俺の耳には、どこへ行っても「神の采配」「若き軍神の誕生」などという、聞くに堪えない賞賛の言葉が飛び込んでくる。その度に、俺の胃は抗議の声を上げて締め付けられた。
カイルはすっかり学園の有名人になったが、その評価は「神に愛されし聖人アレン様に認められし、忠実なる一番弟子」といった具合で、俺の計画とは全く違う方向に定着してしまった。
もはや、何をしても裏目に出る。俺は諦観の境地で、ただ嵐が過ぎ去るのを待つように、息を潜めて日々を過ごしていた。
だが、平穏を望む俺の祈りを嘲笑うかのように、新たな面倒事の気配が、静かに忍び寄っていた。
きっかけは、些細な違和感だった。
夜、自室で魔術理論の復習をしていると、学園内に漂う魔力の流れに、微かな澱みを感じたのだ。それは、まるで澄んだ水に一滴の墨汁を落としたような、不自然で、不快な揺らぎだった。

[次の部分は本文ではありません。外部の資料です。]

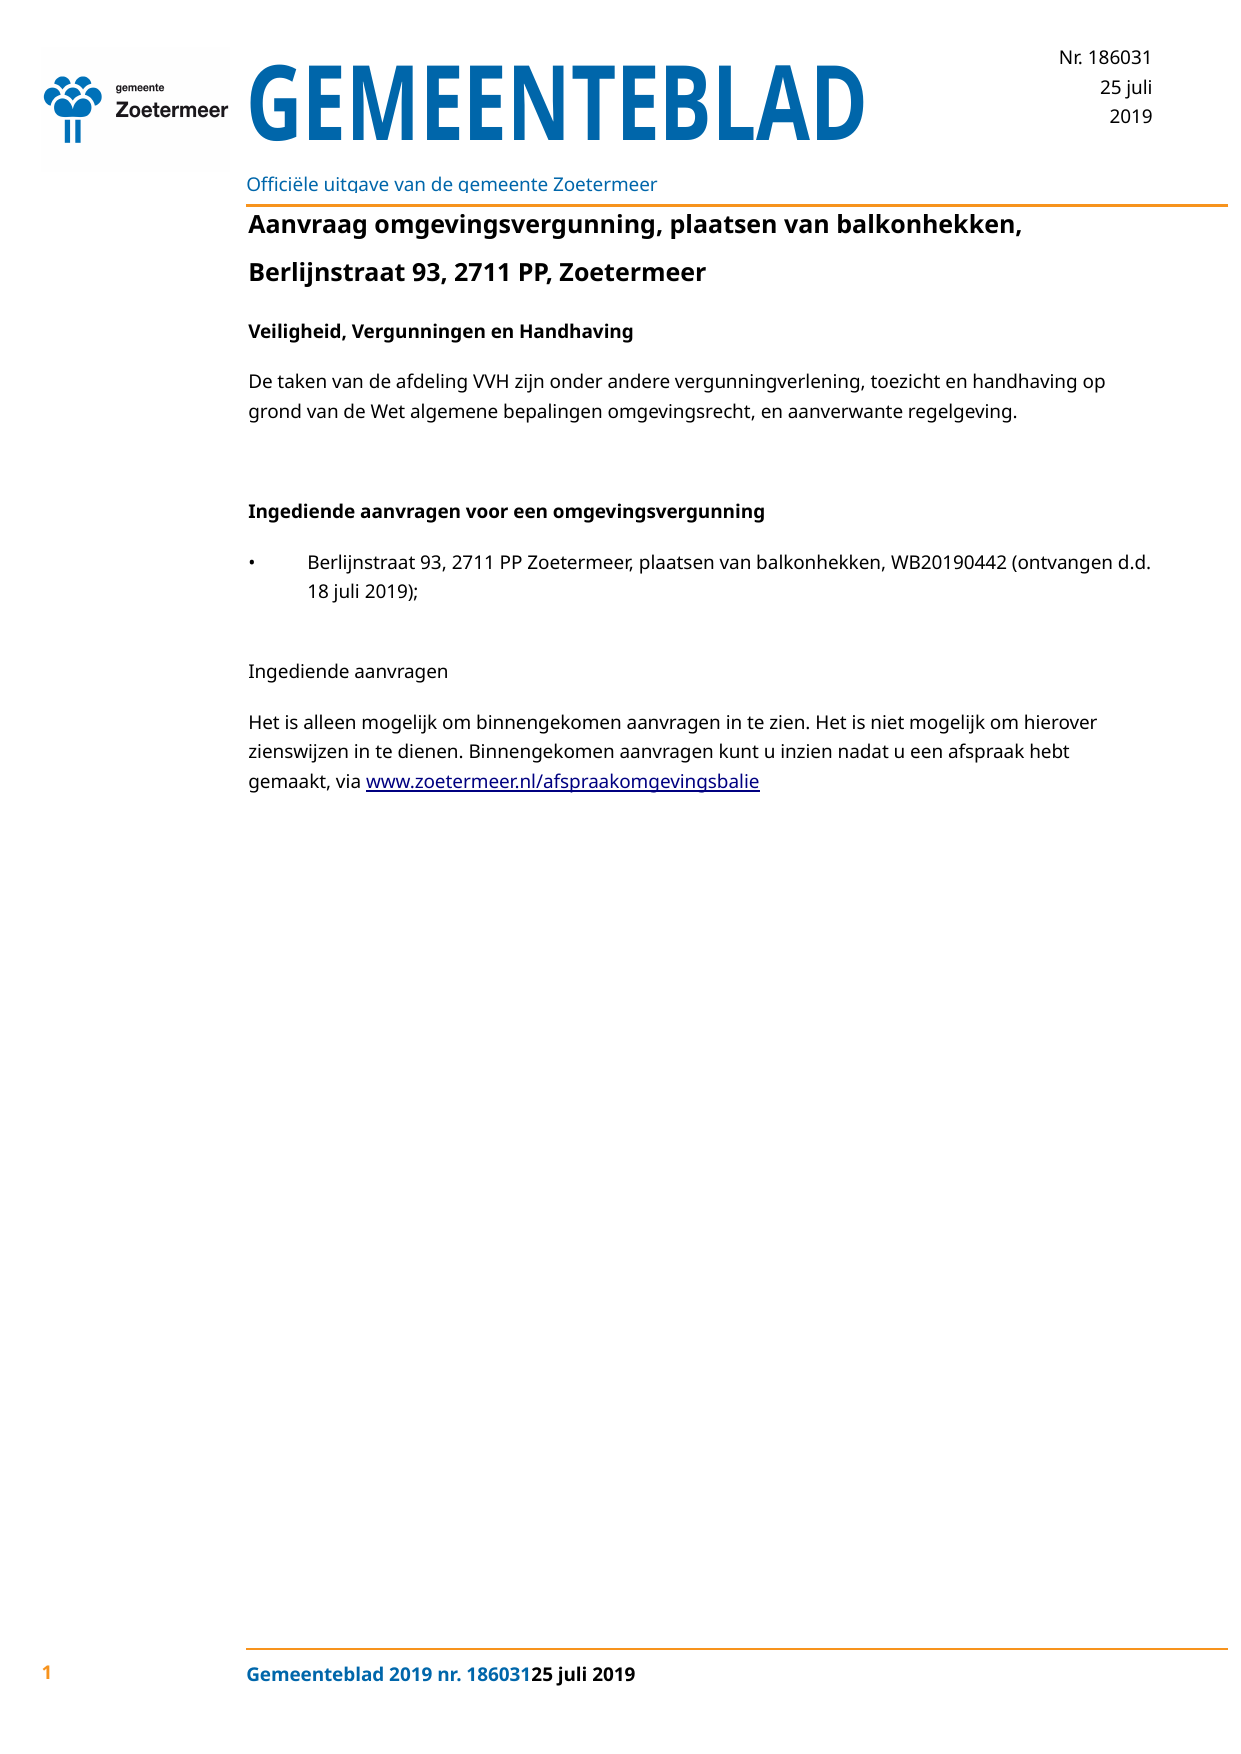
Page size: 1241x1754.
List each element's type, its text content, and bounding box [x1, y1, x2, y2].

text Ingediende aanvragen voor een omgevingsvergunning [248, 499, 1152, 524]
picture [41, 47, 231, 172]
text Aanvraag omgevingsvergunning, plaatsen van balkonhekken, Berlijnstraat 93, 2711 PP, Zoetermeer [248, 207, 1152, 288]
text Veiligheid, Vergunningen en Handhaving [248, 318, 1152, 344]
list Berlijnstraat 93, 2711 PP Zoetermeer, plaatsen van balkonhekken, WB20190442 (ontvangen d.d. 18 juli 2019); [248, 549, 1152, 604]
text Ingediende aanvragen [248, 659, 1152, 684]
text Het is alleen mogelijk om binnengekomen aanvragen in te zien. Het is niet mogelijk om hierover zienswijzen in te dienen. Binnengekomen aanvragen kunt u inzien nadat u een afspraak hebt gemaakt, via www.zoetermeer.nl/afspraakomgevingsbalie [248, 709, 1152, 794]
text De taken van de afdeling VVH zijn onder andere vergunningverlening, toezicht en handhaving op grond van de Wet algemene bepalingen omgevingsrecht, en aanverwante regelgeving. [248, 368, 1152, 424]
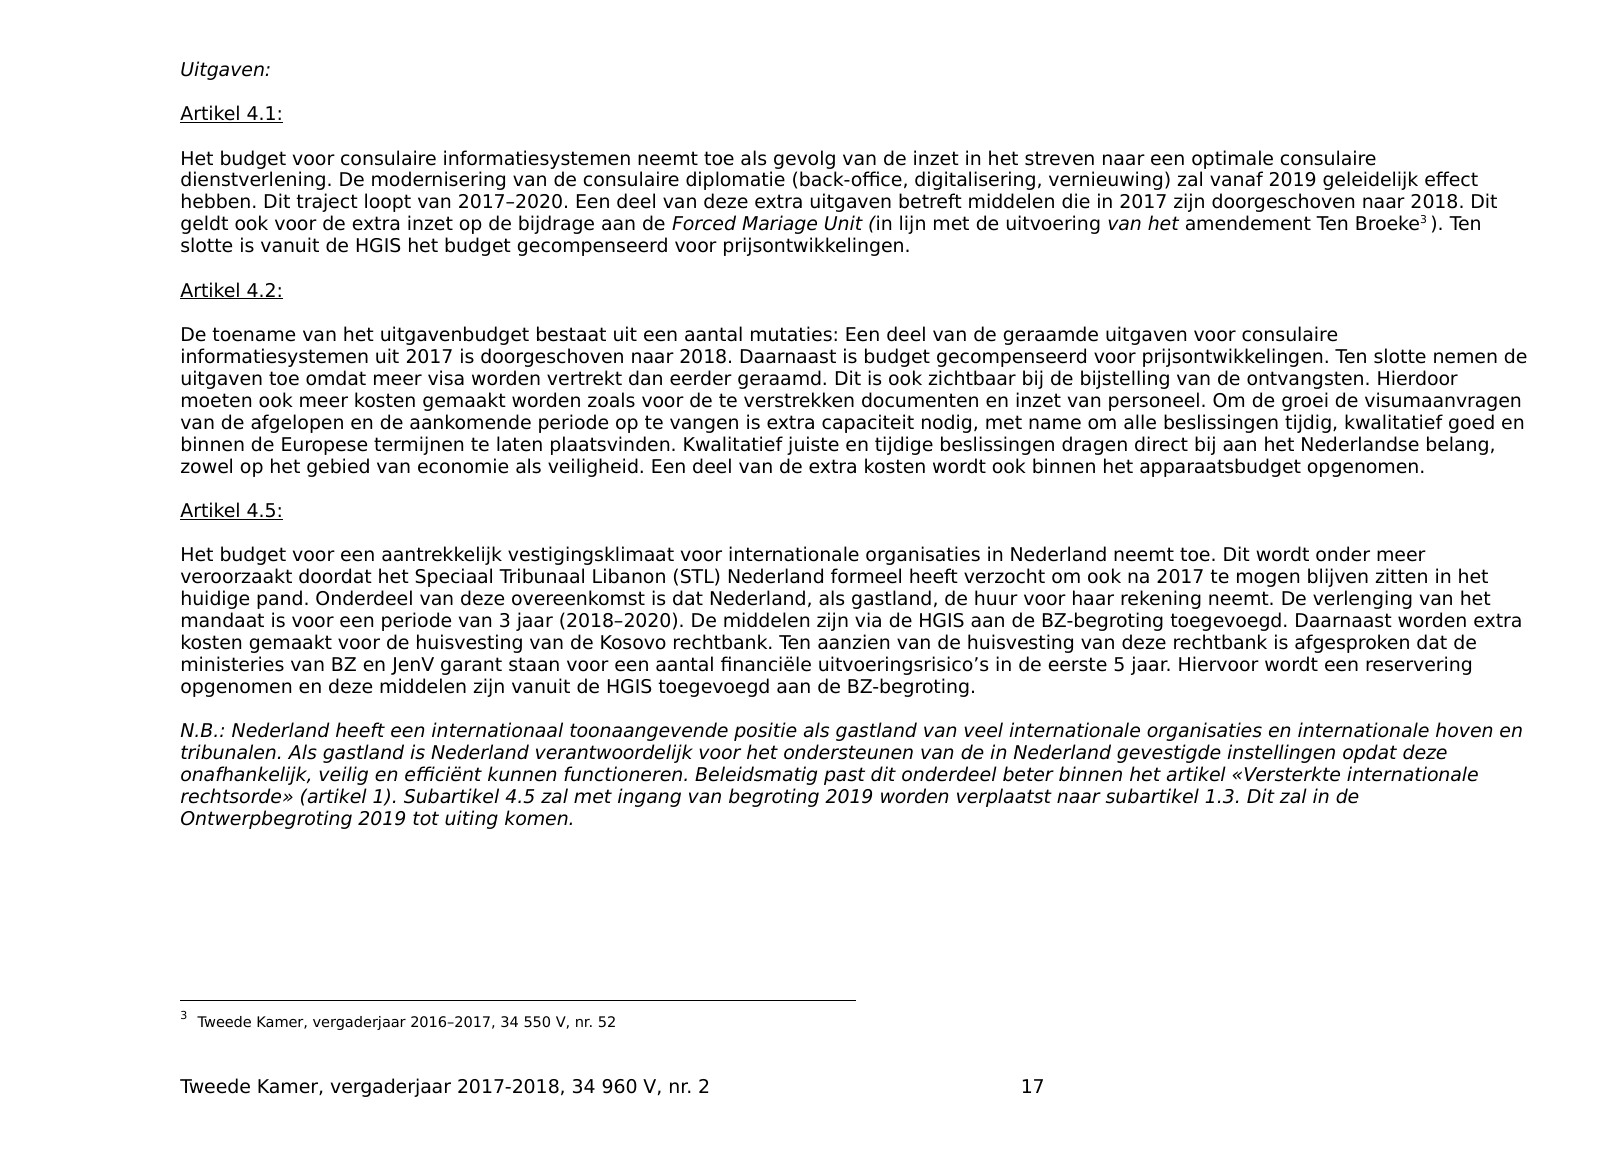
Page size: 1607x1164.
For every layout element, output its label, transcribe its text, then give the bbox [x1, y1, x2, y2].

text Tweede Kamer, vergaderjaar 2016–2017, 34 550 V, nr. 52 [180, 1009, 1529, 1031]
subtitle Artikel 4.5: [180, 500, 1529, 522]
text De toename van het uitgavenbudget bestaat uit een aantal mutaties: Een deel van de geraamde uitgaven voor consulaire informatiesystemen uit 2017 is doorgeschoven naar 2018. Daarnaast is budget gecompenseerd voor prijsontwikkelingen. Ten slotte nemen de uitgaven toe omdat meer visa worden vertrekt dan eerder geraamd. Dit is ook zichtbaar bij de bijstelling van de ontvangsten. Hierdoor moeten ook meer kosten gemaakt worden zoals voor de te verstrekken documenten en inzet van personeel. Om de groei de visumaanvragen van de afgelopen en de aankomende periode op te vangen is extra capaciteit nodig, met name om alle beslissingen tijdig, kwalitatief goed en binnen de Europese termijnen te laten plaatsvinden. Kwalitatief juiste en tijdige beslissingen dragen direct bij aan het Nederlandse belang, zowel op het gebied van economie als veiligheid. Een deel van de extra kosten wordt ook binnen het apparaatsbudget opgenomen. [180, 324, 1529, 477]
text Het budget voor een aantrekkelijk vestigingsklimaat voor internationale organisaties in Nederland neemt toe. Dit wordt onder meer veroorzaakt doordat het Speciaal Tribunaal Libanon (STL) Nederland formeel heeft verzocht om ook na 2017 te mogen blijven zitten in het huidige pand. Onderdeel van deze overeenkomst is dat Nederland, als gastland, de huur voor haar rekening neemt. De verlenging van het mandaat is voor een periode van 3 jaar (2018–2020). De middelen zijn via de HGIS aan de BZ-begroting toegevoegd. Daarnaast worden extra kosten gemaakt voor de huisvesting van de Kosovo rechtbank. Ten aanzien van de huisvesting van deze rechtbank is afgesproken dat de ministeries van BZ en JenV garant staan voor een aantal financiële uitvoeringsrisico’s in de eerste 5 jaar. Hiervoor wordt een reservering opgenomen en deze middelen zijn vanuit de HGIS toegevoegd aan de BZ-begroting. [180, 544, 1529, 698]
subtitle Artikel 4.1: [180, 103, 1529, 125]
text N.B.: Nederland heeft een internationaal toonaangevende positie als gastland van veel internationale organisaties en internationale hoven en tribunalen. Als gastland is Nederland verantwoordelijk voor het ondersteunen van de in Nederland gevestigde instellingen opdat deze onafhankelijk, veilig en efficiënt kunnen functioneren. Beleidsmatig past dit onderdeel beter binnen het artikel «Versterkte internationale rechtsorde» (artikel 1). Subartikel 4.5 zal met ingang van begroting 2019 worden verplaatst naar subartikel 1.3. Dit zal in de Ontwerpbegroting 2019 tot uiting komen. [180, 720, 1529, 830]
text Het budget voor consulaire informatiesystemen neemt toe als gevolg van de inzet in het streven naar een optimale consulaire dienstverlening. De modernisering van de consulaire diplomatie (back-office, digitalisering, vernieuwing) zal vanaf 2019 geleidelijk effect hebben. Dit traject loopt van 2017–2020. Een deel van deze extra uitgaven betreft middelen die in 2017 zijn doorgeschoven naar 2018. Dit geldt ook voor de extra inzet op de bijdrage aan de Forced Mariage Unit (in lijn met de uitvoering van het amendement Ten Broeke). Ten slotte is vanuit de HGIS het budget gecompenseerd voor prijsontwikkelingen. [180, 147, 1529, 257]
subtitle Uitgaven: [180, 59, 1529, 81]
subtitle Artikel 4.2: [180, 279, 1529, 301]
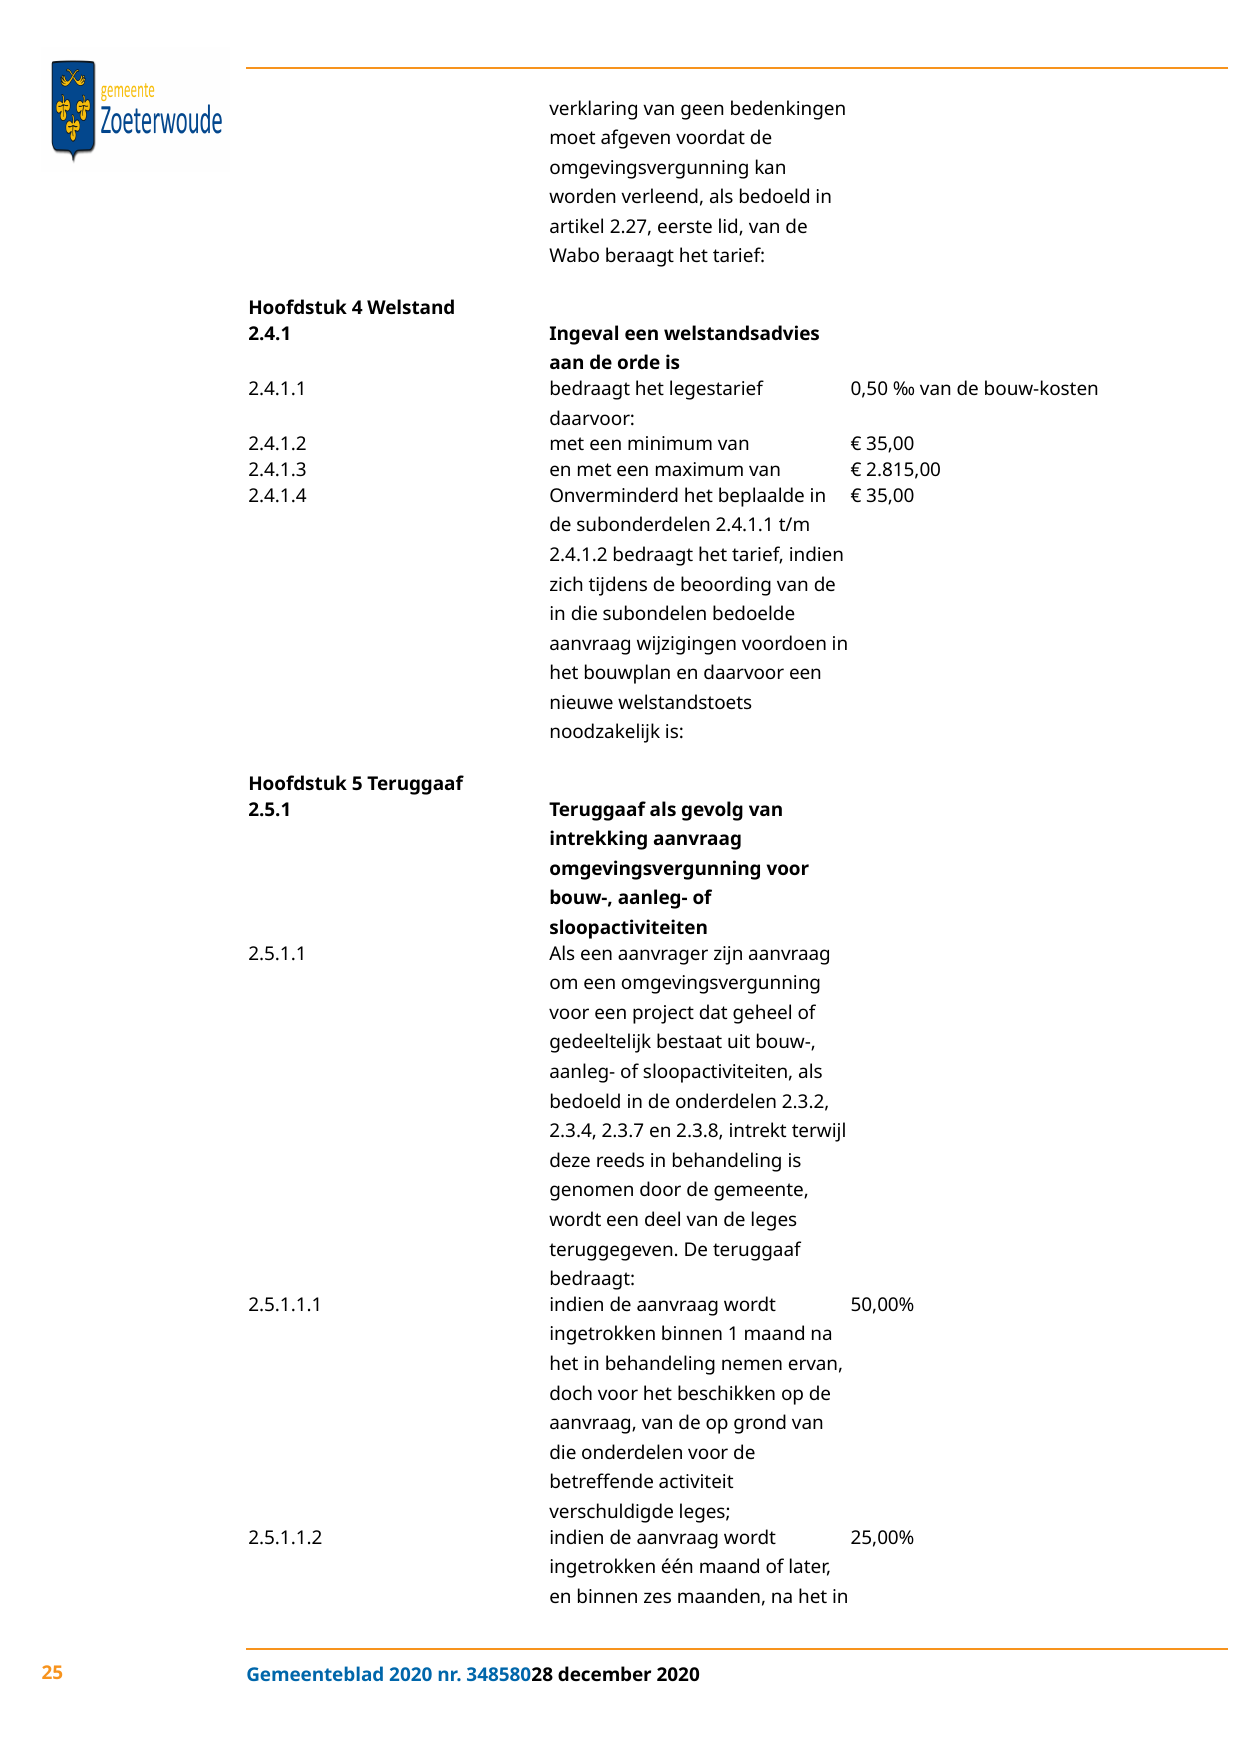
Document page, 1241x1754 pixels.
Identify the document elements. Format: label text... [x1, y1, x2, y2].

table_cell Als een aanvrager zijn aanvraag om een omgevingsvergunning voor een project dat geheel of gedeeltelijk bestaat uit bouw-, aanleg- of sloopactiviteiten, als bedoeld in de onderdelen 2.3.2, 2.3.4, 2.3.7 en 2.3.8, intrekt terwijl deze reeds in behandeling is genomen door de gemeente, wordt een deel van de leges teruggegeven. De teruggaaf bedraagt: [549, 940, 850, 1291]
table_cell [850, 940, 1152, 1291]
table_cell 2.4.1 [248, 320, 549, 375]
table_cell bedraagt het legestarief daarvoor: [549, 375, 850, 431]
picture [41, 47, 231, 172]
table_cell verklaring van geen bedenkingen moet afgeven voordat de omgevingsvergunning kan worden verleend, als bedoeld in artikel 2.27, eerste lid, van de Wabo beraagt het tarief: [549, 95, 850, 268]
table_cell 50,00% [850, 1291, 1152, 1524]
table_cell [850, 269, 1152, 294]
table_cell [549, 744, 850, 770]
table_cell 2.5.1.1.2 [248, 1524, 549, 1609]
table_cell 2.5.1.1 [248, 940, 549, 1291]
table_cell 2.4.1.4 [248, 482, 549, 744]
table_cell [850, 770, 1152, 796]
table_cell en met een maximum van [549, 456, 850, 482]
table_cell Ingeval een welstandsadvies aan de orde is [549, 320, 850, 375]
table_cell € 35,00 [850, 431, 1152, 456]
table_cell 2.5.1 [248, 796, 549, 940]
table_cell 25,00% [850, 1524, 1152, 1609]
table_cell 2.5.1.1.1 [248, 1291, 549, 1524]
table_cell Onverminderd het beplaalde in de subonderdelen 2.4.1.1 t/m 2.4.1.2 bedraagt het tarief, indien zich tijdens de beoording van de in die subondelen bedoelde aanvraag wijzigingen voordoen in het bouwplan en daarvoor een nieuwe welstandstoets noodzakelijk is: [549, 482, 850, 744]
table_cell indien de aanvraag wordt ingetrokken binnen 1 maand na het in behandeling nemen ervan, doch voor het beschikken op de aanvraag, van de op grond van die onderdelen voor de betreffende activiteit verschuldigde leges; [549, 1291, 850, 1524]
table_cell indien de aanvraag wordt ingetrokken één maand of later, en binnen zes maanden, na het in [549, 1524, 850, 1609]
table_cell 0,50 ‰ van de bouw-kosten [850, 375, 1152, 431]
table_cell [850, 744, 1152, 770]
table_cell € 35,00 [850, 482, 1152, 744]
table_cell 2.4.1.3 [248, 456, 549, 482]
table_cell [850, 320, 1152, 375]
table_cell [549, 269, 850, 294]
table_cell [850, 95, 1152, 268]
table_cell 2.4.1.1 [248, 375, 549, 431]
table_cell [248, 269, 549, 294]
table_cell [850, 796, 1152, 940]
table_cell [248, 744, 549, 770]
table_cell [850, 294, 1152, 320]
table_cell € 2.815,00 [850, 456, 1152, 482]
table_cell [248, 95, 549, 268]
table_cell 2.4.1.2 [248, 431, 549, 456]
table_cell Hoofdstuk 4 Welstand [248, 294, 850, 320]
table_cell Teruggaaf als gevolg van intrekking aanvraag omgevingsvergunning voor bouw-, aanleg- of sloopactiviteiten [549, 796, 850, 940]
table_cell met een minimum van [549, 431, 850, 456]
table_cell Hoofdstuk 5 Teruggaaf [248, 770, 850, 796]

常人なら、いや、並の魔術師でも気づかないほどの僅かな変化。だが、この五年間、常に死の恐怖と共に魔力と向き合ってきた俺の感覚は、その異常を敏感に察知していた。
「……何だ、これは」
俺は眉をひそめた。
この魔力の質。悪意、嫉妬、そして禁忌の匂い。
その感覚に、俺の脳裏で前世の記憶が警鐘を鳴らした。
そうだ。原作ゲームに、こんなイベントがあった。
クラス対抗戦で敗北した生徒の一人が、その屈辱と嫉妬心から、闇の教団に唆される。そして、禁じられた魔術に手を出し、学園内で騒ぎを起こすのだ。
確か、その儀式が行われるのは、満月の夜。そして場所は、今は使われていない、旧校舎の地下実験室。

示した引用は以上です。